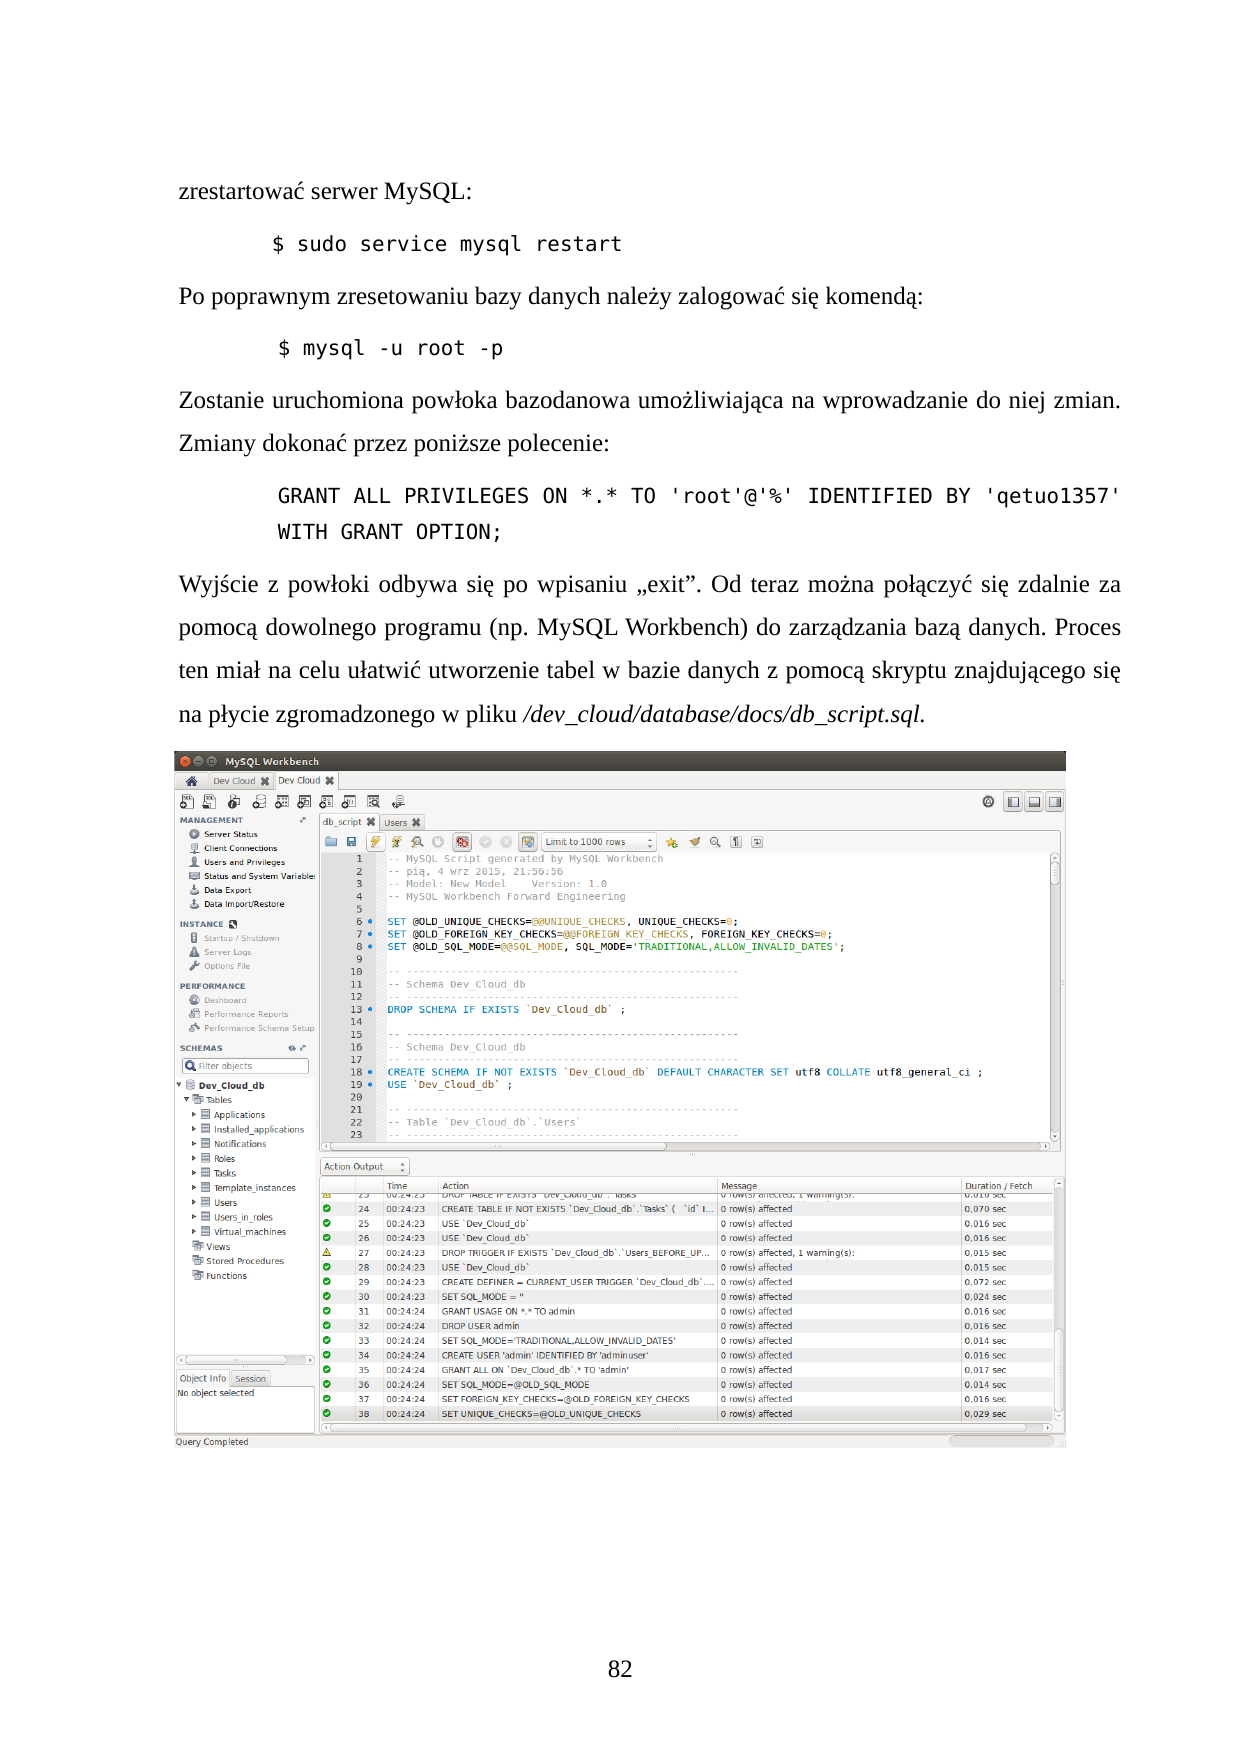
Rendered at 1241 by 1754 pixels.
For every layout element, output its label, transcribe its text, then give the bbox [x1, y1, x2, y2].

list Po poprawnym zresetowaniu bazy danych należy zalogować się komendą: [178, 281, 1122, 309]
text Zostanie uruchomiona powłoka bazodanowa umożliwiająca na wprowadzanie do niej zmian. Zmiany dokonać przez poniższe polecenie: [178, 385, 1122, 457]
text GRANT ALL PRIVILEGES ON *.* TO 'root'@'%' IDENTIFIED BY 'qetuo1357' WITH GRANT OPTION; [278, 484, 1122, 545]
text $ mysql -u root -p [278, 336, 1122, 361]
text Wyjście z powłoki odbywa się po wpisaniu „exit”. Od teraz można połączyć się zdalnie za pomocą dowolnego programu (np. MySQL Workbench) do zarządzania bazą danych. Proces ten miał na celu ułatwić utworzenie tabel w bazie danych z pomocą skryptu znajdującego się na płycie zgromadzonego w pliku /dev_cloud/database/docs/db_script.sql. [178, 569, 1122, 727]
picture [174, 751, 1066, 1448]
text zrestartować serwer MySQL: [178, 176, 1122, 205]
text $ sudo service mysql restart [272, 232, 1122, 256]
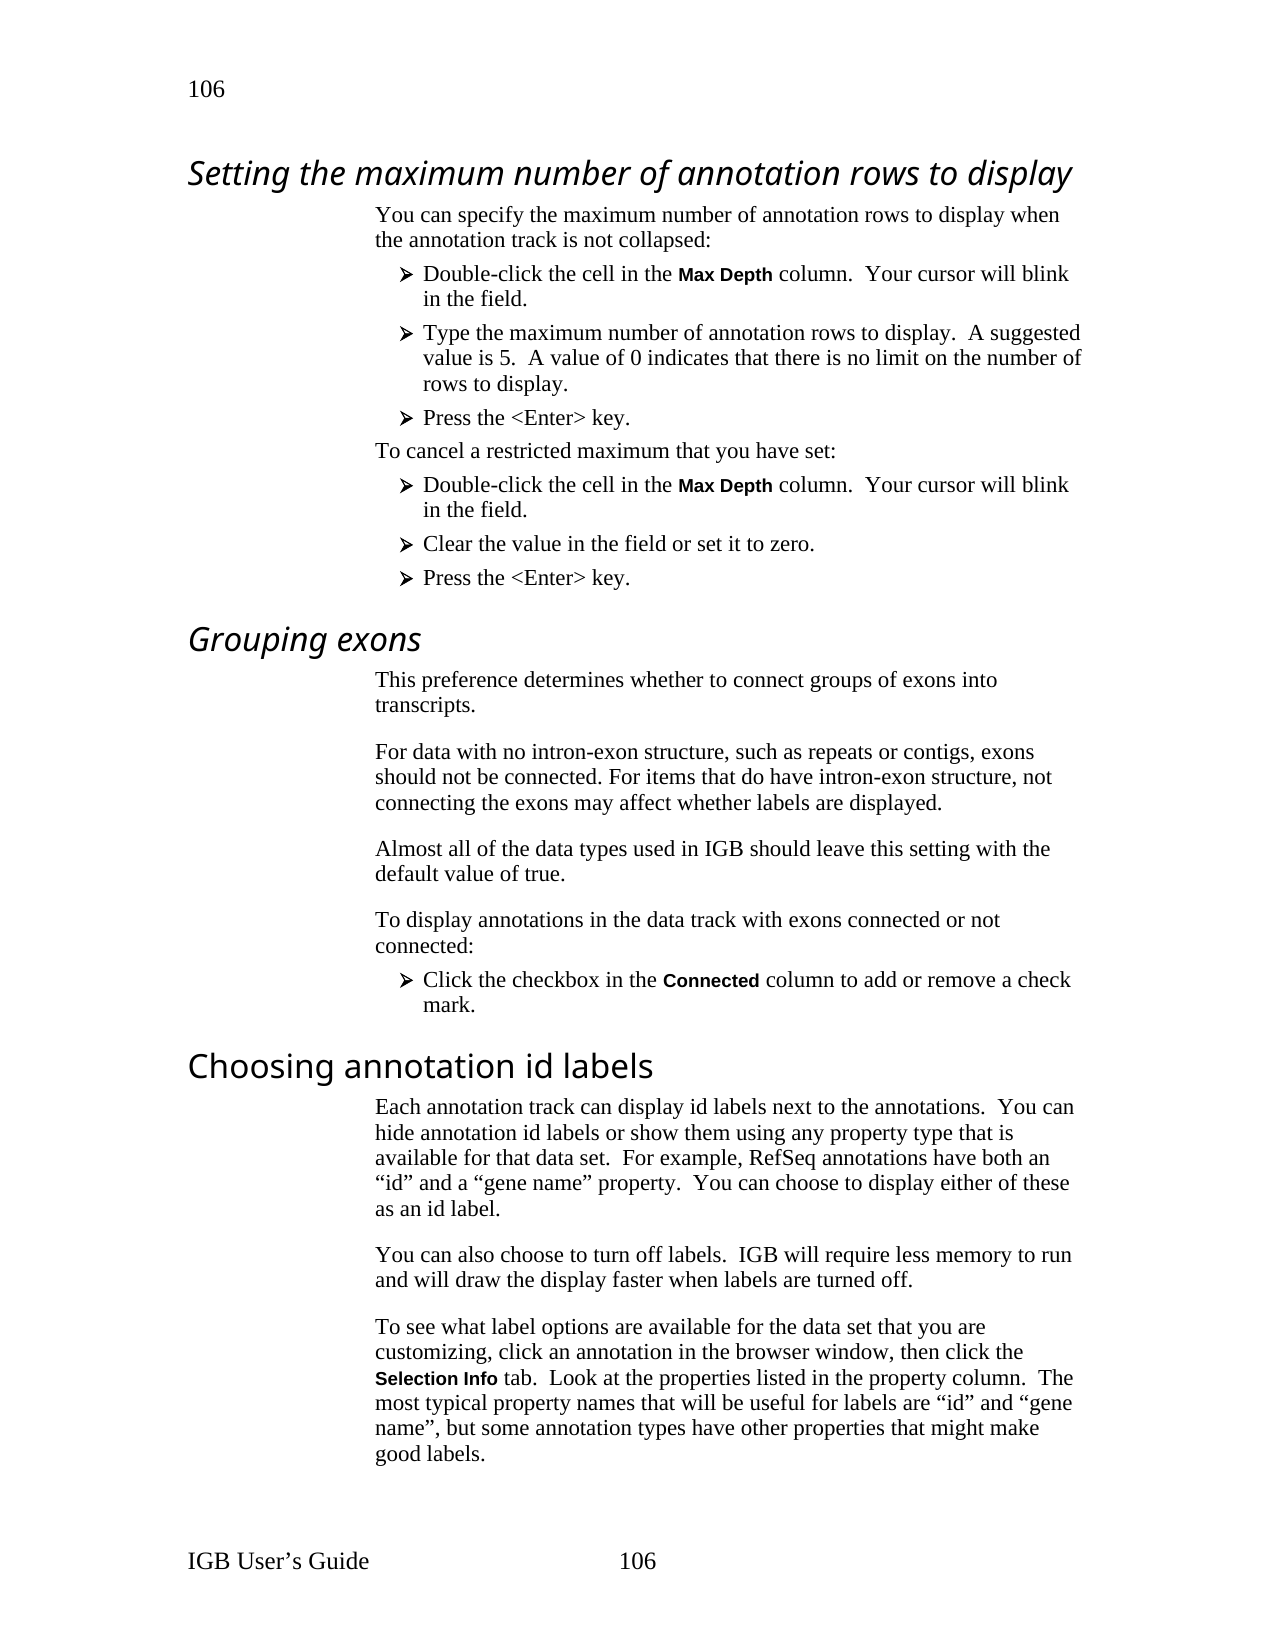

- [Task instructions]:
Reproduce exactly and only the lines from the line that contains "For every layout" to the end of the data above, both ends included. No pictures go in the copy.

- [Finished exercise]:
For every layout element, output its label, transcribe its text, then give the bbox [x1, y1, x2, y2].

list Po poprawnym zresetowaniu bazy danych należy zalogować się komendą: [178, 281, 1122, 309]
text Zostanie uruchomiona powłoka bazodanowa umożliwiająca na wprowadzanie do niej zmian. Zmiany dokonać przez poniższe polecenie: [178, 385, 1122, 457]
text GRANT ALL PRIVILEGES ON *.* TO 'root'@'%' IDENTIFIED BY 'qetuo1357' WITH GRANT OPTION; [278, 484, 1122, 545]
text $ mysql -u root -p [278, 336, 1122, 361]
text Wyjście z powłoki odbywa się po wpisaniu „exit”. Od teraz można połączyć się zdalnie za pomocą dowolnego programu (np. MySQL Workbench) do zarządzania bazą danych. Proces ten miał na celu ułatwić utworzenie tabel w bazie danych z pomocą skryptu znajdującego się na płycie zgromadzonego w pliku /dev_cloud/database/docs/db_script.sql. [178, 569, 1122, 727]
picture [174, 751, 1066, 1448]
text zrestartować serwer MySQL: [178, 176, 1122, 205]
text $ sudo service mysql restart [272, 232, 1122, 256]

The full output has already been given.